- Assignment: Return the records exactly, keeping every line as it is.

- Supplied records:
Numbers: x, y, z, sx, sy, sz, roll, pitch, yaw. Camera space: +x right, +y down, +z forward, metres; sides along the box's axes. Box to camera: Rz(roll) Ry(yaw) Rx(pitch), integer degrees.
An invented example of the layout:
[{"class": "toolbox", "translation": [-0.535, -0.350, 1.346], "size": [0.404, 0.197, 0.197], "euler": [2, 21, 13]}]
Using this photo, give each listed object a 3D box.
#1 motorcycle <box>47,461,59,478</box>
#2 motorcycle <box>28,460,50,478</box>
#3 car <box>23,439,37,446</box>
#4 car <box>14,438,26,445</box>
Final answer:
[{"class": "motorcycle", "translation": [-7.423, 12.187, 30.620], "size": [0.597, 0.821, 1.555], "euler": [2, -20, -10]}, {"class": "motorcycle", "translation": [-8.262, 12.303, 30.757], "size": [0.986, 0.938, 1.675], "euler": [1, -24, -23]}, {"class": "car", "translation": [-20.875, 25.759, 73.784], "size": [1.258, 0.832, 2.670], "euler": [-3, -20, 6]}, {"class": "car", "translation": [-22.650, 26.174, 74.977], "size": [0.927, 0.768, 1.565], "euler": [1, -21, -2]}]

- Answer box:
Numbers: x, y, z, sx, sy, sz, roll, pitch, yaw. Camera space: +x right, +y down, +z forward, metres; sides along the box's axes. Box to camera: Rz(roll) Ry(yaw) Rx(pitch), integer degrees.
An invented example of the layout:
[{"class": "toolbox", "translation": [-0.535, -0.350, 1.346], "size": [0.404, 0.197, 0.197], "euler": [2, 21, 13]}]
Using this photo, give each listed object a 3D box.
#1 motorcycle <box>47,461,59,478</box>
#2 motorcycle <box>28,460,50,478</box>
#3 car <box>23,439,37,446</box>
#4 car <box>14,438,26,445</box>
Final answer:
[{"class": "motorcycle", "translation": [-7.423, 12.187, 30.620], "size": [0.597, 0.821, 1.555], "euler": [2, -20, -10]}, {"class": "motorcycle", "translation": [-8.262, 12.303, 30.757], "size": [0.986, 0.938, 1.675], "euler": [1, -24, -23]}, {"class": "car", "translation": [-20.875, 25.759, 73.784], "size": [1.258, 0.832, 2.670], "euler": [-3, -20, 6]}, {"class": "car", "translation": [-22.650, 26.174, 74.977], "size": [0.927, 0.768, 1.565], "euler": [1, -21, -2]}]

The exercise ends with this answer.